╭─ Data excerpts
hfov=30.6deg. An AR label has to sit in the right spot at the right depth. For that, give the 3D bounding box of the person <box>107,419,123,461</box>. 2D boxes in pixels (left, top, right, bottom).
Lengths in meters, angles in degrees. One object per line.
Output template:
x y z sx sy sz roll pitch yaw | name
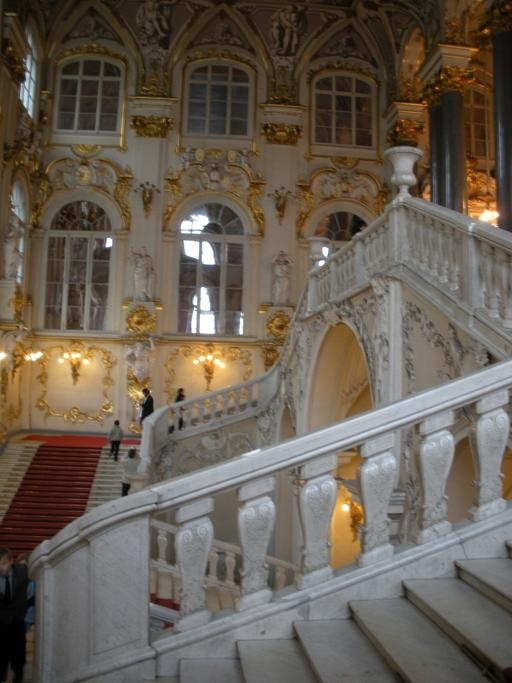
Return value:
-2.098 1.489 14.047 0.176 0.628 0.779 2 -2 -9 | person

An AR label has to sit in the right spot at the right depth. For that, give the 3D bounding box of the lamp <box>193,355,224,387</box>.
-0.870 0.555 17.512 0.644 0.634 0.557 1 -11 -3 | lamp
╰─
_Assignment_:
Starting from the line containing "Lengths in meters, angles", repeat each line exactly through the end of the entries, including the last, while leaving pictures out.

_Answer_:
Lengths in meters, angles in degrees. One object per line.
Output template:
x y z sx sy sz roll pitch yaw | name
Return value:
-2.098 1.489 14.047 0.176 0.628 0.779 2 -2 -9 | person

An AR label has to sit in the right spot at the right depth. For that, give the 3D bounding box of the lamp <box>193,355,224,387</box>.
-0.870 0.555 17.512 0.644 0.634 0.557 1 -11 -3 | lamp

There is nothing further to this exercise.